## What the task asks
Please transcribe the records precisely; pictures stay out of your copy.

Information supplied Block Start

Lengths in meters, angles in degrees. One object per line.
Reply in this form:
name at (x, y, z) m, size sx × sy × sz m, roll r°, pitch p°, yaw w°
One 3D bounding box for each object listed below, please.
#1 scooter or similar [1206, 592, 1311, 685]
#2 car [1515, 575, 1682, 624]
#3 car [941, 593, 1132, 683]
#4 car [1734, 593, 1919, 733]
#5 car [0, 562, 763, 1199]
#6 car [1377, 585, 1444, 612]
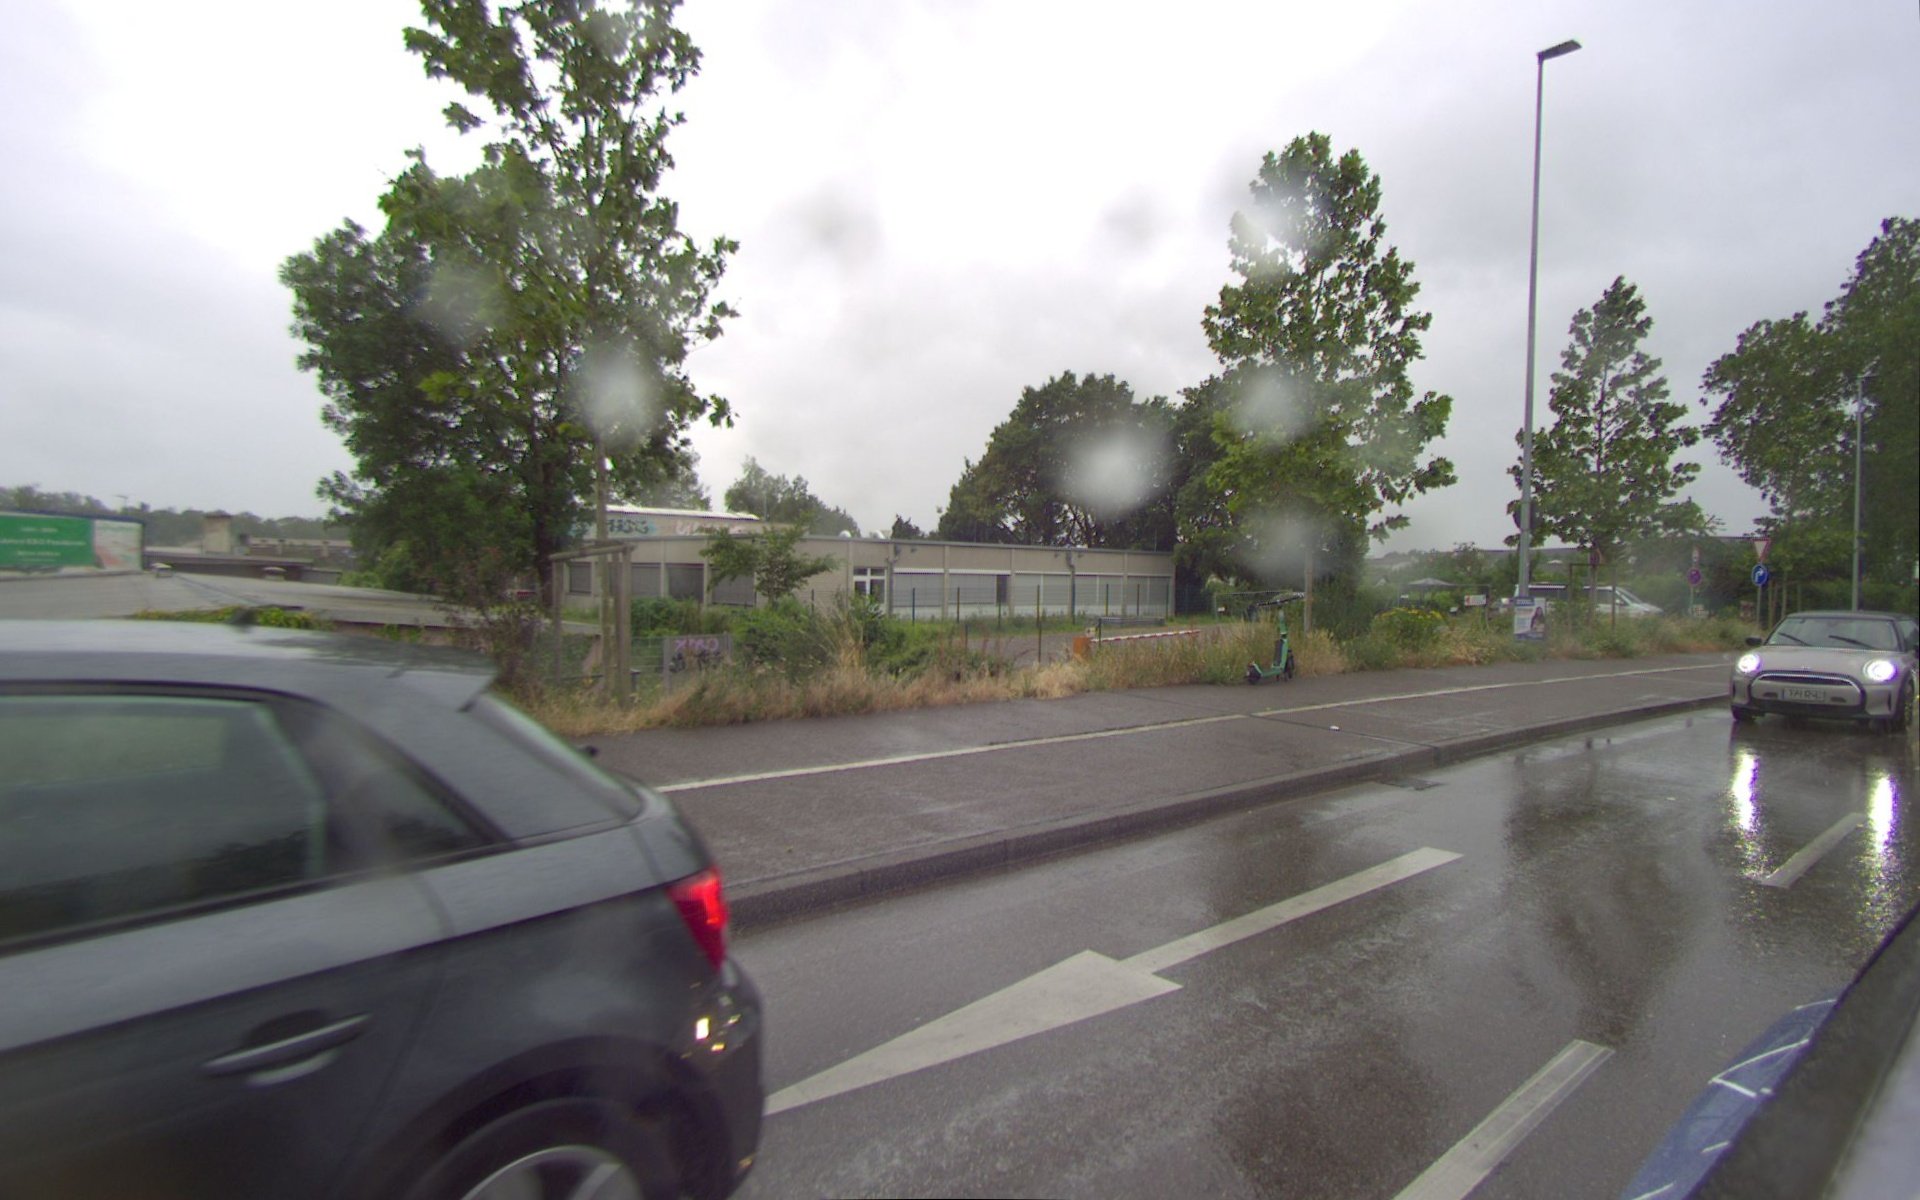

Information supplied Block End

## Exercise result
Lengths in meters, angles in degrees. One object per line.
Reply in this form:
name at (x, y, z) m, size sx × sy × sz m, roll r°, pitch p°, yaw w°
One 3D bounding box for each object listed below, please.
#1 scooter or similar [1206, 592, 1311, 685]
#2 car [1515, 575, 1682, 624]
#3 car [941, 593, 1132, 683]
#4 car [1734, 593, 1919, 733]
#5 car [0, 562, 763, 1199]
#6 car [1377, 585, 1444, 612]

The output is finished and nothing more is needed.